A security researcher has found a cryptographic flaw in the Mega cloud service that could reveal user passwords.
The Mega cloud service was launched on Monday.
Cryptography boffin Steve Thomas is designing a tool dubbed MegaCracker that would crack hashes embedded into email confirmation links sent from Mega to users as they register for the service.
"A hash of your password is in the confirmation code. Cost is 65536 AES/password plus 1 AES/user. Which is very fast," Thomas wrote on twitter.
#mega confirmation code contains "hashed" password aes(pwKey,[rand(0x100000000),0,0,rand(0x100000000)]) false positives 1 in 2^64
— Steve (@Sc00bzT) January 21, 2013
Thomas has not yet completed the tool and did not say how dangerous the threat was: the confirmation emails would need to be intercepted before passwords could be cracked.
The cloud sharing service owned by flamboyant businessman Kim Schmitz [AKA Kim Dotcom] has been under the microscope of crypto boffins since its heavily-hyped launch several days ago.
The service is of interest to the security world because of its claims of strong security through the use of 128-bit AES encryption and 2048-bit RSA public and private key infrastructure.
Schmitz was keen to avoid a repeat of the police raid on now seized cloud service MegaUpload, made on the grounds of copyright violation, by ensuring user data was encrypted before it hit Mega servers so the company would lack the keys to decrypt user data.

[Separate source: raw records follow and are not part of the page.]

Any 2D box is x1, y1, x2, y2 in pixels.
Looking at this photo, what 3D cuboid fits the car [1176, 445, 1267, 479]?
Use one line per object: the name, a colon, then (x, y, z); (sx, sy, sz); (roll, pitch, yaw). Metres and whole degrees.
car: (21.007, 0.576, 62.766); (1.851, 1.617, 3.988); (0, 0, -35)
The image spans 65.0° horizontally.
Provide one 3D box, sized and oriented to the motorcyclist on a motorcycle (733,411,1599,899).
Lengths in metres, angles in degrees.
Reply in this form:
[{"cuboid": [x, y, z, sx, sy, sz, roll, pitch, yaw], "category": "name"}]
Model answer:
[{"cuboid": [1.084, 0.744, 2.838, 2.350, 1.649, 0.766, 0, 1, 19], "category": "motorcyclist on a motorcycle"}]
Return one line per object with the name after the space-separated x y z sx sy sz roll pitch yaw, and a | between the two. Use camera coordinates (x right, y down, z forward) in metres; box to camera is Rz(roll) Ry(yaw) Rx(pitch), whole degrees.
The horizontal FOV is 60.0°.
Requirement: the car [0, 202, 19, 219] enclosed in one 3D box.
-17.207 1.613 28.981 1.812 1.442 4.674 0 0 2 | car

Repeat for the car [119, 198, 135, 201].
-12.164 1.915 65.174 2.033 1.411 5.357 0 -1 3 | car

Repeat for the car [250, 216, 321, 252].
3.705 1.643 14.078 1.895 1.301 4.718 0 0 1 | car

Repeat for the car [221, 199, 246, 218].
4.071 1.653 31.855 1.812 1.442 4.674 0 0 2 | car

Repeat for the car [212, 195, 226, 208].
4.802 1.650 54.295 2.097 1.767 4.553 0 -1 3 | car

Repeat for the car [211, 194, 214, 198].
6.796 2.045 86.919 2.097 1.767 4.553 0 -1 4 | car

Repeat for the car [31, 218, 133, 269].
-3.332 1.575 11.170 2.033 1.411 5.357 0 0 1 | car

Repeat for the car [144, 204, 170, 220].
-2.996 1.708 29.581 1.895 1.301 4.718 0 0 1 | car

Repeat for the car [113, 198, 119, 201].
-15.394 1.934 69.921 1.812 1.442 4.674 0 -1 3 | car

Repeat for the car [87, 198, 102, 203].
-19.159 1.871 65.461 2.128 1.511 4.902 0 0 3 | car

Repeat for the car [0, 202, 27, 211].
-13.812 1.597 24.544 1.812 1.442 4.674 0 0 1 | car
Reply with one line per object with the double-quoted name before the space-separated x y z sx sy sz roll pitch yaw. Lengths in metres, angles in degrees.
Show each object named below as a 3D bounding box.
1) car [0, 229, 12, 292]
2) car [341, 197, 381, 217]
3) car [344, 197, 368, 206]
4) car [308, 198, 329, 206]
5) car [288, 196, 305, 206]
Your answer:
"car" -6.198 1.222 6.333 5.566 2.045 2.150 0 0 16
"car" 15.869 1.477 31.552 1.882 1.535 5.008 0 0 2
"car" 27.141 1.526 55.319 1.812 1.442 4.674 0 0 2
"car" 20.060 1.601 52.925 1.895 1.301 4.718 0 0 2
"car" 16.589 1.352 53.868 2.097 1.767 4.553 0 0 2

So far, security flaws including cross-site scripting and problems with random number generation have been discovered in the beta service. Security folk have also flagged problems with the fact that Mega uses a web browser to send encryption information, opening avenues for attackers to intercept keys by breaking SSL or by commandeering Mega's servers, some of which are said to be located in the United States.
Cryptocat creator and cryptography boffin Nadim Kobeissi went as far in his criticism of the site's security that he told Forbes "it felt like I had coded this in 2011 while drunk.”
Yet allegations that Mega's use of deduplication - a function to avoid multiple uploads of a single file - would allow copyright enforcers to determine the names of files uploaded by users were overstated, according to Errata Security founder Robert David Graham.
"They think [deduplication is] impossible without the server knowing how to decrypt the file. It's actually quite possible, Graham said in a blog.
Mega, he says, trips up, because it allows users to check for duplicates using a filename which is cheap on bandwidth but allows copyright enforcers an easy way to snuff out pirated content.
"This will cause [a flood of] millions of hashes trolling for content, and in the end, probably use more bandwidth than it saves," he said.
Mega's chief technology officer told Venturebeat some of the reported security concerns were overstated, and added Mega was investigating ways to allow users to change the password used to encrypt the AES key.